Segment Open
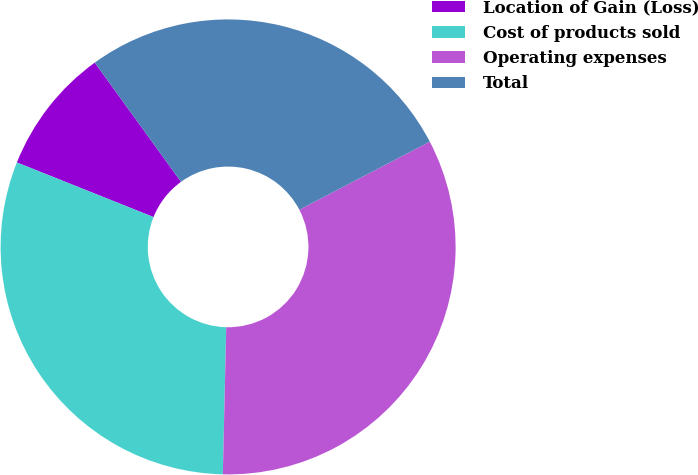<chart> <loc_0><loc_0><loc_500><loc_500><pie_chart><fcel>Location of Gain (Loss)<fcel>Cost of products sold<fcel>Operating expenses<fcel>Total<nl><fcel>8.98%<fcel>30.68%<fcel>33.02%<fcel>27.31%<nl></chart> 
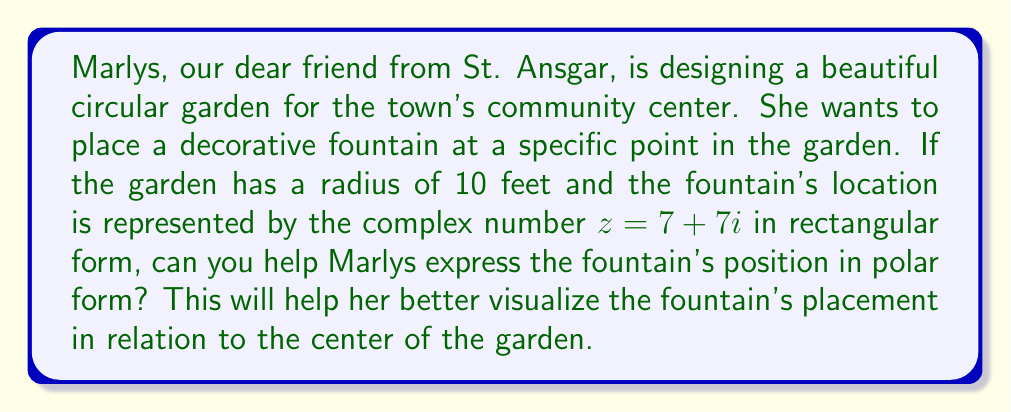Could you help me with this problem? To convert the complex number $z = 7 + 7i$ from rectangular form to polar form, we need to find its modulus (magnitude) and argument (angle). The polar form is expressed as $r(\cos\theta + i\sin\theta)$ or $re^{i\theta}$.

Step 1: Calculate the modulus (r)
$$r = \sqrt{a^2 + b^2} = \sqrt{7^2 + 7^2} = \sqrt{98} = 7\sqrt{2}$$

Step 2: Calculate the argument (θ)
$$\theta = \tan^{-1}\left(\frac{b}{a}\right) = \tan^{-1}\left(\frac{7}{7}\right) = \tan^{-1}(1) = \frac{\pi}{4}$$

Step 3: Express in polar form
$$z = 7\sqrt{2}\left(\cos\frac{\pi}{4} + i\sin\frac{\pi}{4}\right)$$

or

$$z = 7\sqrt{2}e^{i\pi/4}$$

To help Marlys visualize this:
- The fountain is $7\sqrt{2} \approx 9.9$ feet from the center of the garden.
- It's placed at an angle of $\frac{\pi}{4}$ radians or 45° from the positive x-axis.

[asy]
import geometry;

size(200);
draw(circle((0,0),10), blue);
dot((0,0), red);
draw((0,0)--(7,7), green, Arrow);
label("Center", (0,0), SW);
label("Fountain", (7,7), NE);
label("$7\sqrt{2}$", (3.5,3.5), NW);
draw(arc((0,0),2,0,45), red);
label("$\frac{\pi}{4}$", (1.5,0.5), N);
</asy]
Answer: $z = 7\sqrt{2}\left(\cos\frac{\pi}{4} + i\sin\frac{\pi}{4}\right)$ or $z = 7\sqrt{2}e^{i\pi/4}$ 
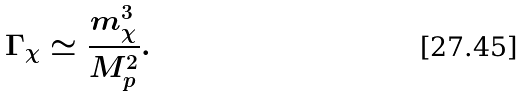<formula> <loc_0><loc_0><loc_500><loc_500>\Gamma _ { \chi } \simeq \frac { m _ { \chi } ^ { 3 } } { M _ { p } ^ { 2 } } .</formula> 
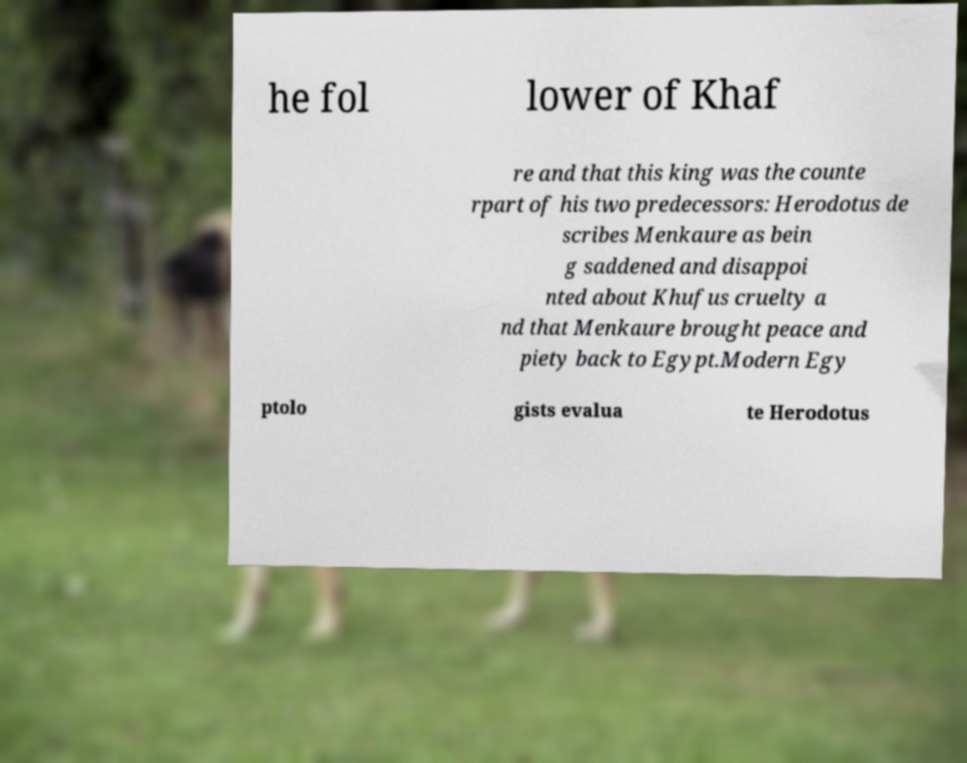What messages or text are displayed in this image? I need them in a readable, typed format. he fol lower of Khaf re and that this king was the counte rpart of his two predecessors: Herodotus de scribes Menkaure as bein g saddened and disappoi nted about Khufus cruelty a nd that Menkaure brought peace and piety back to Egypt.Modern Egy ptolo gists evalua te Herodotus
Segment Closed
**Exercise details**
Would you copy out, exactly and with no pictures, only the lines above from the one that contains "Could you help" through the one that contains "Step 3: Express in polar form"?

**Your solution**
Could you help me with this problem? To convert the complex number $z = 7 + 7i$ from rectangular form to polar form, we need to find its modulus (magnitude) and argument (angle). The polar form is expressed as $r(\cos\theta + i\sin\theta)$ or $re^{i\theta}$.

Step 1: Calculate the modulus (r)
$$r = \sqrt{a^2 + b^2} = \sqrt{7^2 + 7^2} = \sqrt{98} = 7\sqrt{2}$$

Step 2: Calculate the argument (θ)
$$\theta = \tan^{-1}\left(\frac{b}{a}\right) = \tan^{-1}\left(\frac{7}{7}\right) = \tan^{-1}(1) = \frac{\pi}{4}$$

Step 3: Express in polar form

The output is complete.